UDK 629.785:523.45 Doi: 10.31772/2587-6066-2018-19-3-517-525
DESIGN OF A LOW THRAST PROPULSION SYSTEM AND THE TRAJECTORIES OF SPASECRAFT TO THE CENTRE OF THE SOLAR SYSTEM
I. V. Platov*, A. V. Simonov
Lavochkin Association 24, Leningradskaya Str., Khimki, Moscow region, 141400, Russian Federation * E-mail: aia@laspace.ru
The article is devoted to the peculiarities of the flight trajectories design to the centre of the Solar system for two perspective Russian spacecrafts. A scientific goal of the project is to study the near-solar space from close distances (60–80 solar radii) and non-ecliptic inclinations. As part of the draft project, management decided to create two spacecrafts (SC), where an option with a “chemical” propulsion system based on low-thrust engines is offered as a march. In connection with a significant increase in the initial mass of the spacecraft, it is necessary to use means of deducing a heavier class. Therefore, now options are being considered for launching at “Angara-A5” and “Soyuz-5” (“Sumkar”) with “DM” and “Fregat-SBU” upper stages from the Vostochny and Baikonur launch sites. The active life of the SC should exceed seven years, for which an inclination of more than 25 ° must be achieved. The article describes the additional version of the propulsion system with the use of two-component engines, produced by NIIMash (Nizhnyaya Salda), and the main characteristics of the flight schemes for two spacecrafts are indicated.
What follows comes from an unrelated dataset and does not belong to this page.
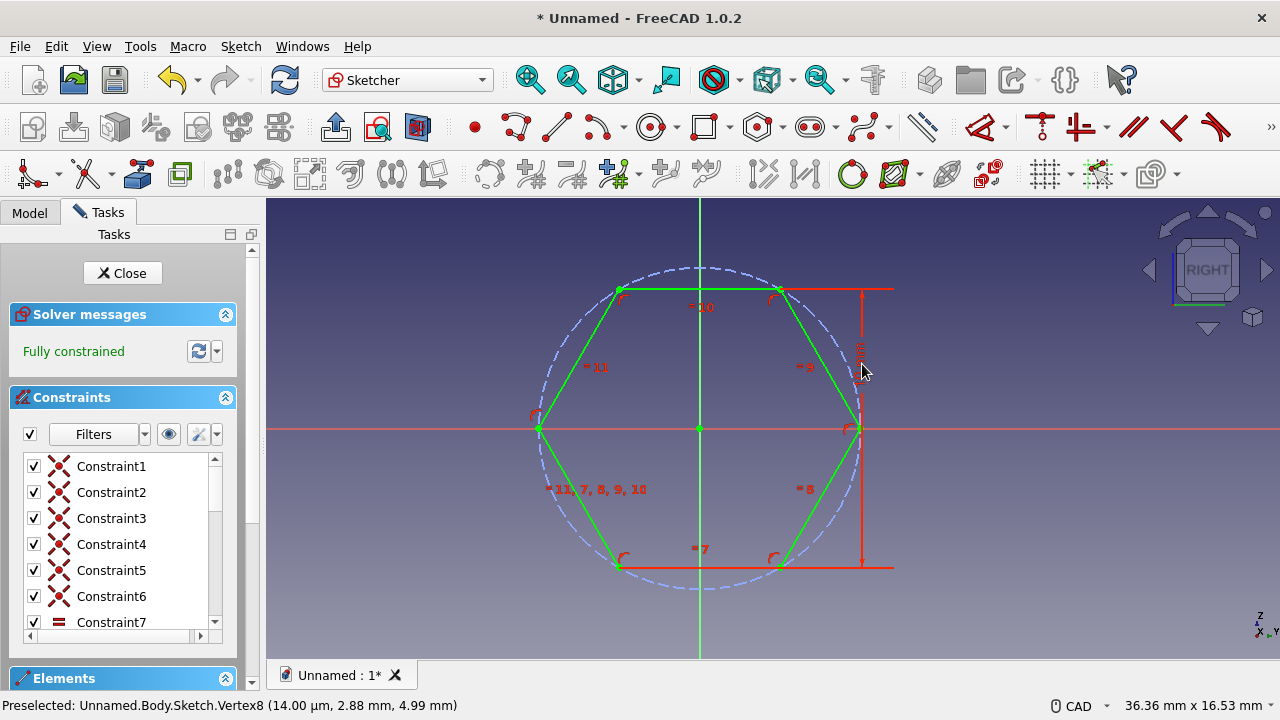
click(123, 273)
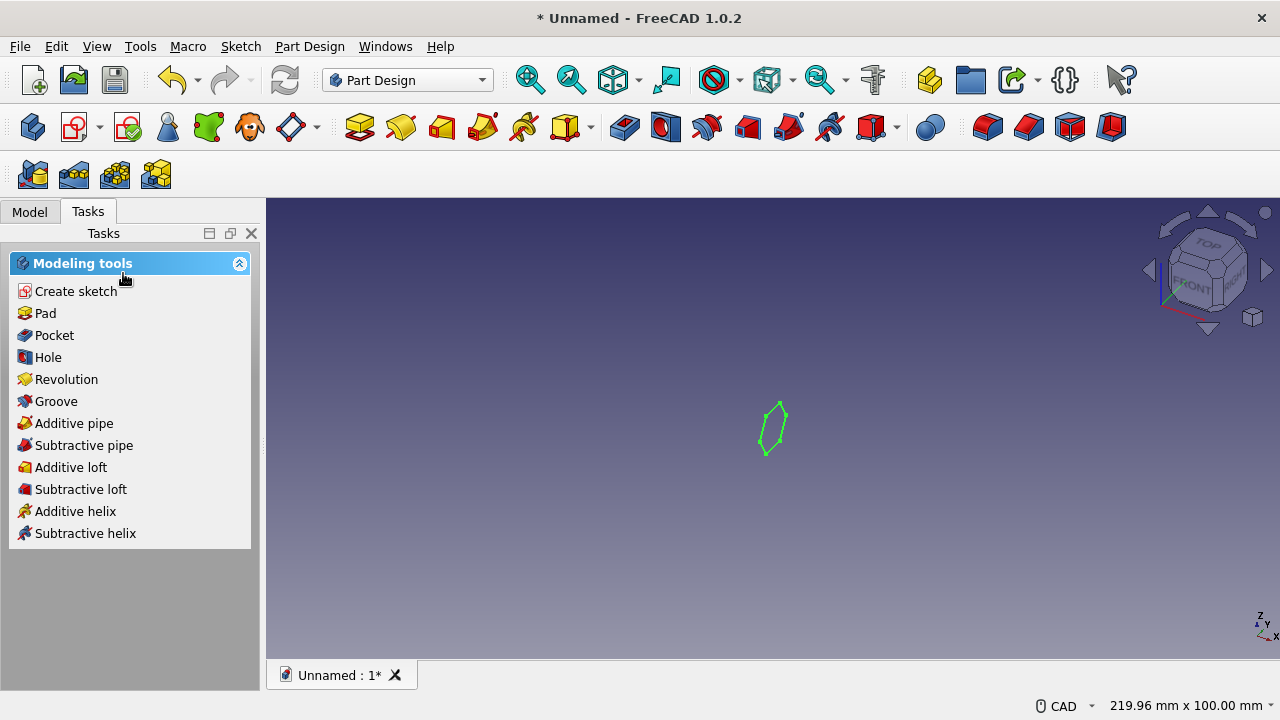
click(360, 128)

The developed scheme of the first spacecraft flight assumes the launch in August 2026. Convergence with the Sun at a minimum distance of 61.5 solar radii occurs 6 years after the start. After the last, the eighth, gravitational maneuver, 8.3 years after launching the spacecraft reaches heliocentric latitude of 33.1°. The trajectory of the second spacecraft assumes the launch in April 2028. Six years after the start it also approaches the Sun to approximately the same distance 63.0 solar radii. The spacecraft reaches the heliocentric latitude of 29.1° with the help of subsequent gravityassists at Venus. The presented design appearance of the ‘chemical’ propulsion system with the use of low-thrust engines makes it possible to achieve the specified parameters of the Sun orbit and to execute the scientific program within the given period of active existence of two spacecrafts.
Keywords: spacecraft, propulsion system, flight scheme, interplanetary transfer, Sun.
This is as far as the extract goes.